Some helper functions:
getColors <- function(vec) {
# assgin a color to each group of samples
library(RColorBrewer)
n <- length(unique(vec))
col <- brewer.pal(n, "Paired")
#col <- brewer.pal.info[brewer.pal.info$category=='qual', ] # get max. 74 colours
#col_all <- unlist(mapply(brewer.pal, col$maxcolors, rownames(col)))
ifelse (n > length(col),
cvec <- sample(col, n, replace=T),
cvec <- sample(col, n, replace=F)
)
vec <- as.character(vec)
names(vec) <- rep(NA, length(vec))
for (g in 1:length(unique(vec))) {
names(vec)[which(vec==unique(vec)[g])] <- cvec[g]
}
vec
}
dens.plot <- function(table, colVec, ...) {
cols <- names(colVec)
d <- plot(density(table[, 1]), col=cols[1],
lwd=2, las=2, xlab="", ...) +
abline(v=0, lty=3) + title(xlab="log2 exprs", ylab=NA) +
for (i in 2:ncol(table)) {
den <- density(table[, i])
lines(den$x, den$y, col=cols[i], lwd=2)
}
legend('topright', legend=unique(colVector), lty=1, col=unique(names(colVector)), cex=0.6)
d
}Plot distributions:
selectt <- c('Brain - Amygdala', 'Artery - Aorta', 'Heart - Atrial Appendage', 'Whole Blood', 'Testis')

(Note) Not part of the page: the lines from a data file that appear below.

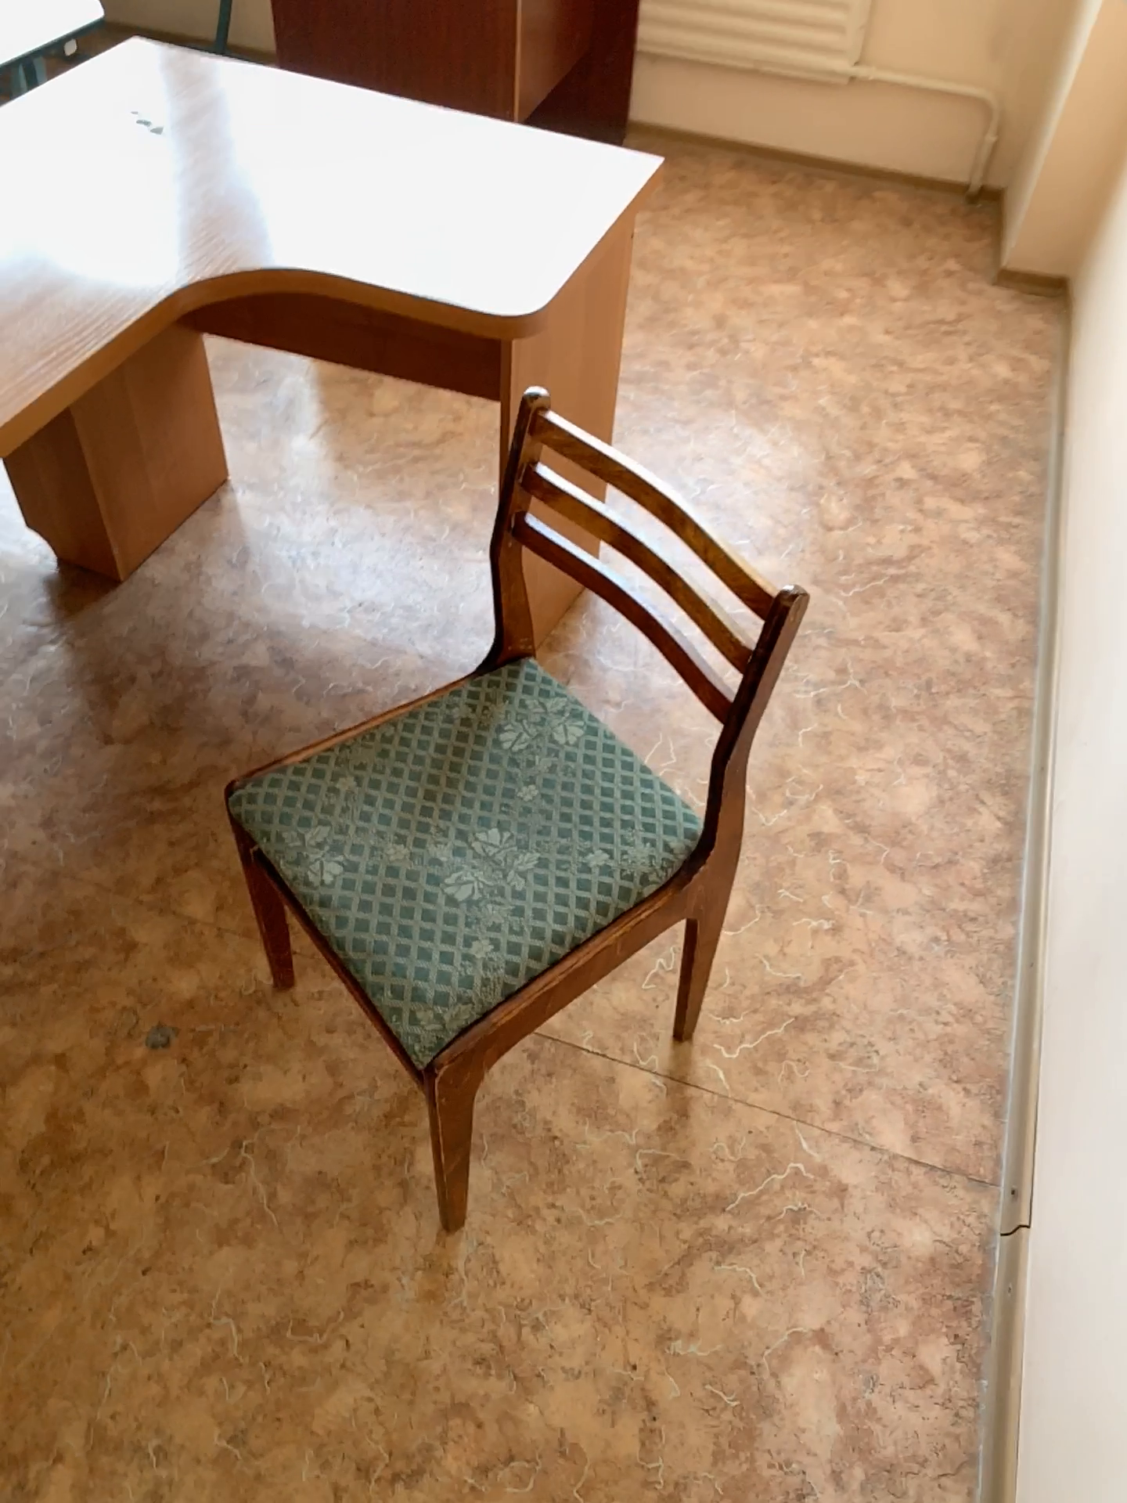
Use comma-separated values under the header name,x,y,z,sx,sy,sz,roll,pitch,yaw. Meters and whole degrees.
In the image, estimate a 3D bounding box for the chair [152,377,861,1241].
name,x,y,z,sx,sy,sz,roll,pitch,yaw
chair,-0.069,0.086,1.175,0.402,0.704,0.402,-29,57,-27
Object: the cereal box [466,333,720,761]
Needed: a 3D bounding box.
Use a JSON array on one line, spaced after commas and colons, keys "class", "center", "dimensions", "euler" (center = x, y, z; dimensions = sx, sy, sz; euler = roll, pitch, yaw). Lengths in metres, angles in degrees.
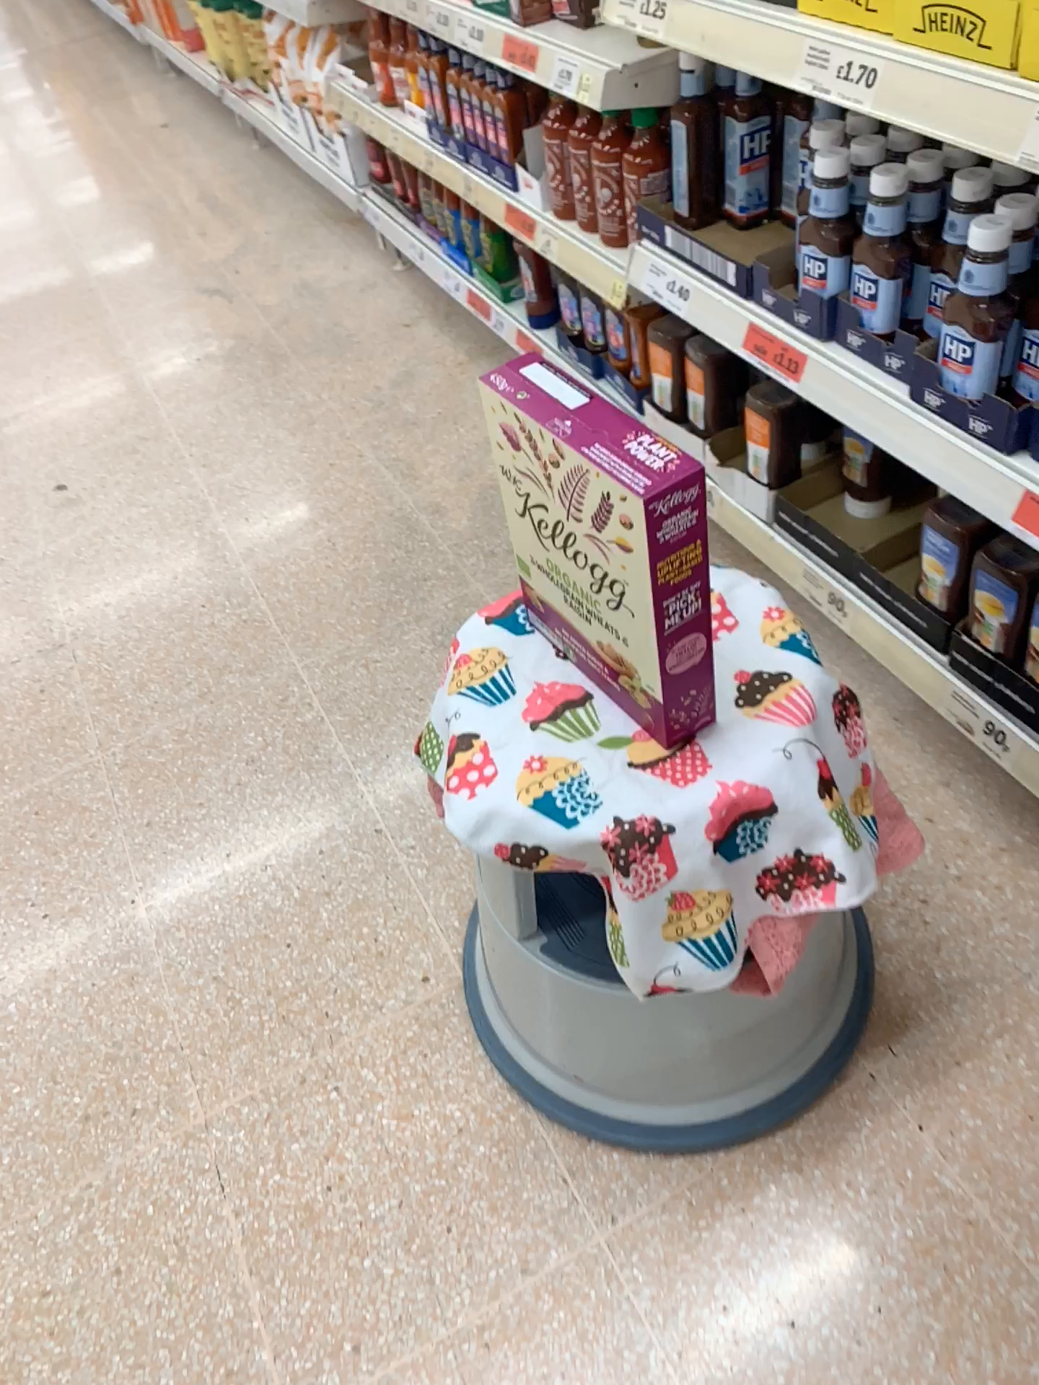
[{"class": "cereal box", "center": [0.056, -0.103, 0.768], "dimensions": [0.050, 0.248, 0.202], "euler": [-29, 47, -15]}]
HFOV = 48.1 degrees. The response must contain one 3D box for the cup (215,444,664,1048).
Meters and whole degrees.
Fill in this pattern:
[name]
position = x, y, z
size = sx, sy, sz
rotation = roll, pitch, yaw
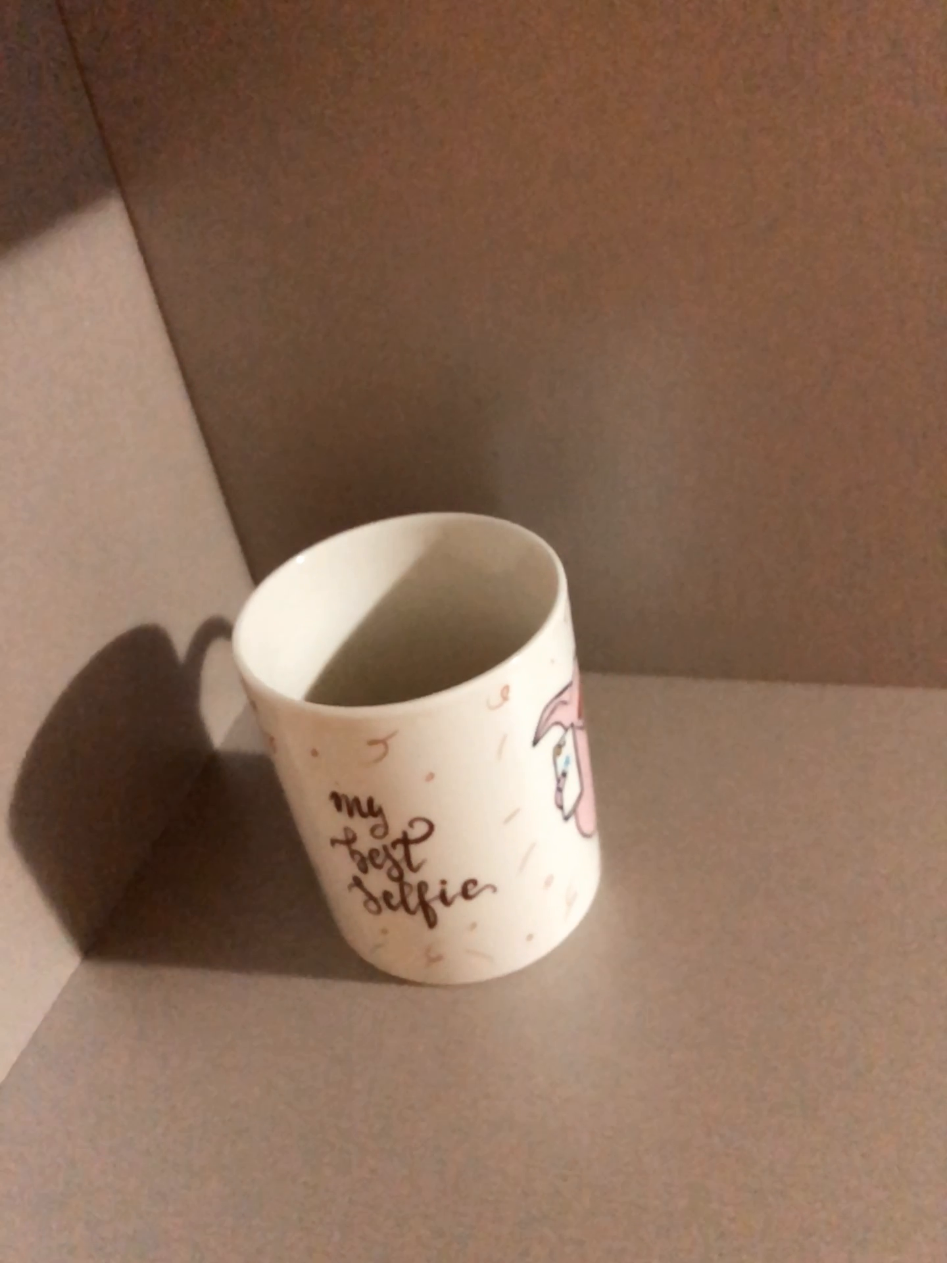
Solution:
[cup]
position = -0.007, 0.026, 0.289
size = 0.086, 0.096, 0.119
rotation = -10, 36, 2
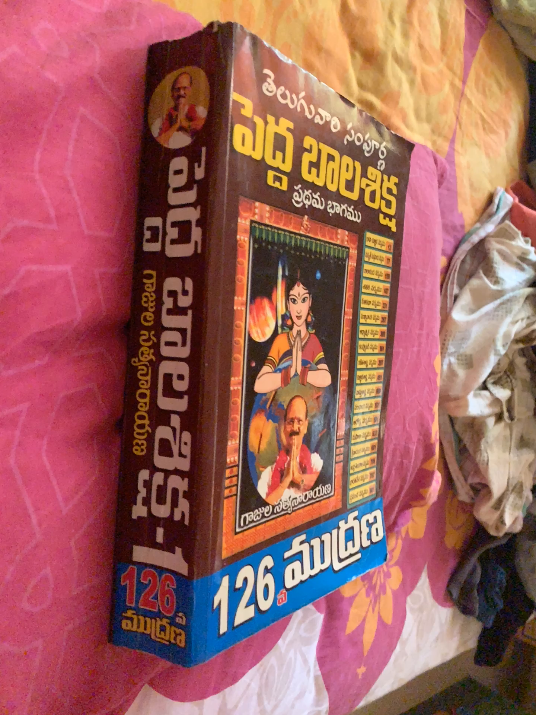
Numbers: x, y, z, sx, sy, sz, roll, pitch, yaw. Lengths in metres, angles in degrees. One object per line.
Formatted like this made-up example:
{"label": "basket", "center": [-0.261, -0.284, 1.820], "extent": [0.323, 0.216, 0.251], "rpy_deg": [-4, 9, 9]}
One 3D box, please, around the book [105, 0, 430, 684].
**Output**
{"label": "book", "center": [0.015, -0.013, 0.283], "extent": [0.181, 0.050, 0.260], "rpy_deg": [1, 92, -50]}
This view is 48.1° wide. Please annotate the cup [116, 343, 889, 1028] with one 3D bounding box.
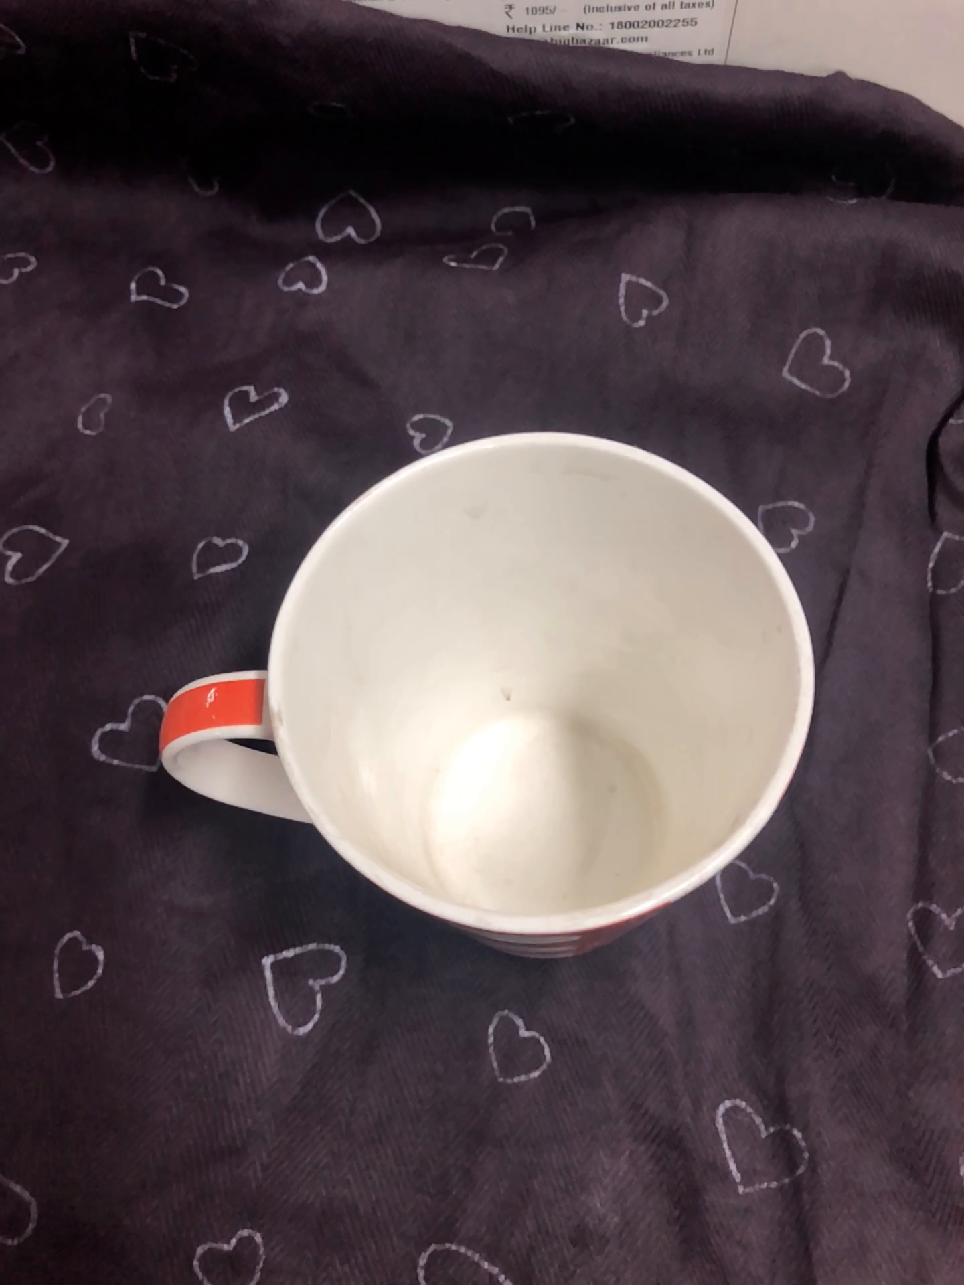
[{"bbox_3d":[-0.003,0.015,0.217,0.110,0.100,0.090,-8,64,-4],"label":"cup"}]

sub.eset <- eset[, which(pData(eset)$SMTSD %in% selectt)]
dim(sub.eset)
dist.list <- list()
methods <- c('TMM', 'RLE', 'UQ', 'DESeq', 'QN', 'qsmooth', 'none')
for (n in methods) {
dist.list[[n]] <- tissue.aware.norm(sub.eset, "SMTSD", n)
}
#saveRDS(dist.list, file='~/cvd/v8/exprs/norm.cpm.rds')
sub.p <- pData(sub.eset)
sub.p$SMTSD <- factor(sub.p$SMTSD)
sub.p <- sub.p[order(sub.p$SMTSD),]
colVector <- getColors(sub.p$SMTSD)
mypar(3, 3)
for (n in methods) {
print(dens.plot(dist.list[[n]][,match(rownames(sub.p), colnames(dist.list[[n]]))], colVector, ylim=c(0, 0.3), main=n))
}
Seems there are still many lowly-expressed genes in some of these tissues, testis looks good though. The first three - TMM, RLE, UQ - are quite similar; DESeq method seems the same as none.